Burglary detection

Detection systems

There are many types of intrusion detection systems (passive and active infrared sensors, vibration sensors, glass shatter sensors, radar sensors, ultrasonic sensors, magnetic contacts, ground detection sensors, fence detection, laser sensors etc.)

The simplest alarm consists of one or more sensors for detecting intruders and a warning device to indicate the intrusion. However, a typical space security alarm uses the following components:

  • The space control unit (PCU), the alarm control panel (ACP) or simply the panel: the “brain” of the system reads the sensor inputs, monitors the status of the arm / disarm and signals inputs.
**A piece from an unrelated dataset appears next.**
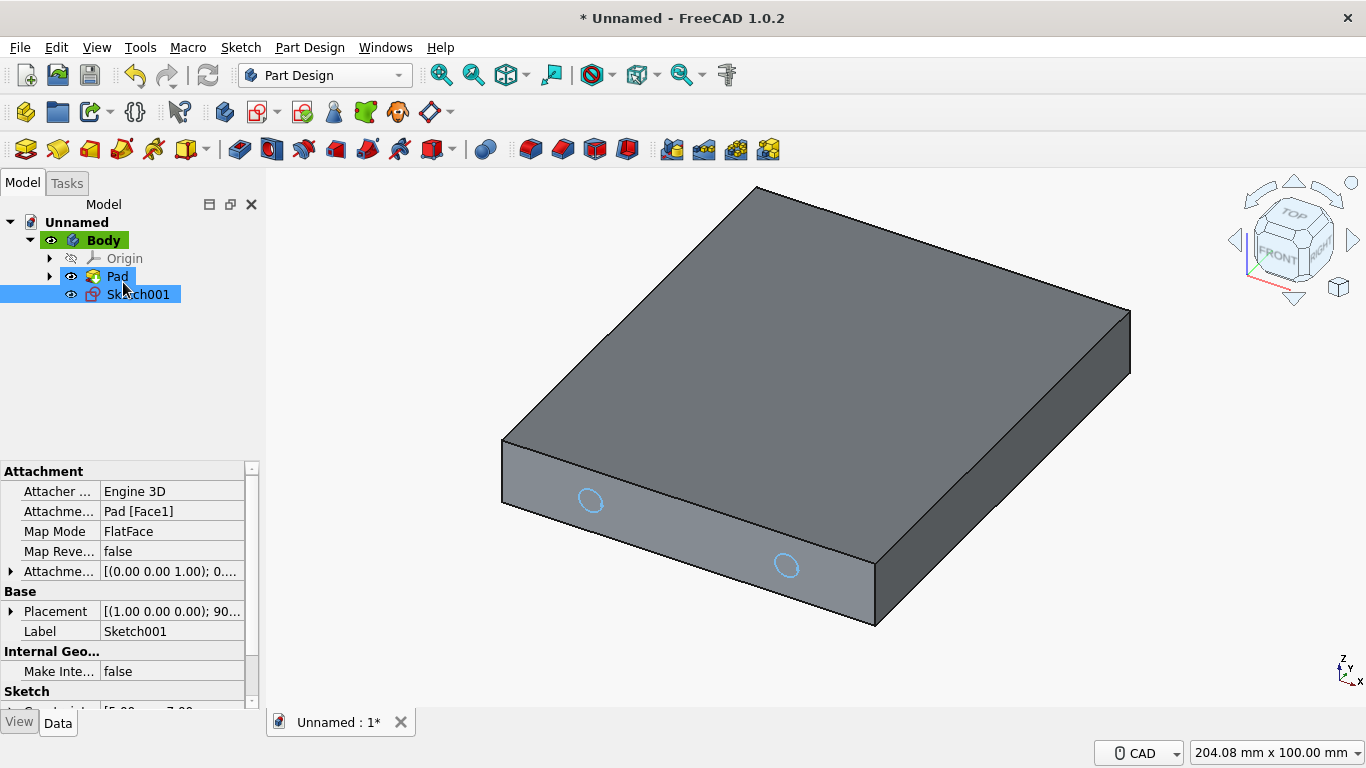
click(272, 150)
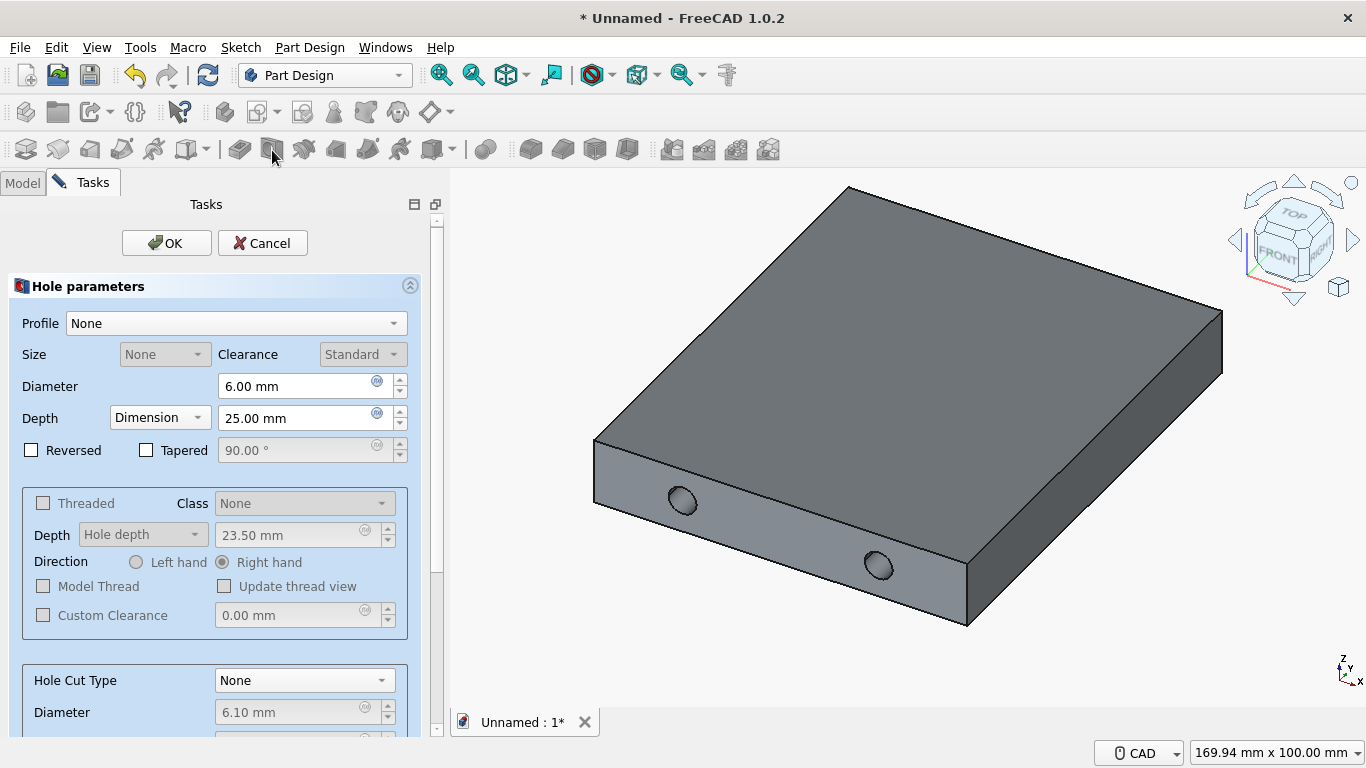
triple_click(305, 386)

In a modern system, it is usually one or more computer circuit boards inside a metal enclosure, along with a power supply. Many newer systems often use sealed outdoor plastic boxes. Some also have control units built into the keyboard or other human-machine interface.
  • Sensors: Devices that detect intrusions. The sensors can be located at the perimeter of the protected area, inside it or both inside and at the perimeter. Sensors can detect intruders through a variety of methods, such as monitoring the opening of doors and windows or by monitoring unoccupied interiors for movement, sound, vibration or other disturbances.
  • Warning devices: these indicate an alarm status. Most commonly, these are bells, sirens and/ or flashing lights. The warning devices have the dual purpose of alerting occupants on the intrusion and scaring off potential burglars. These devices can also be used to warn occupants of fire or smoke.
  • Keyboards: small devices, usually mounted on the wall, that function as a human-machine interface with the system. In addition to buttons, keyboards usually have indicator lights, a small multi-character display, or both.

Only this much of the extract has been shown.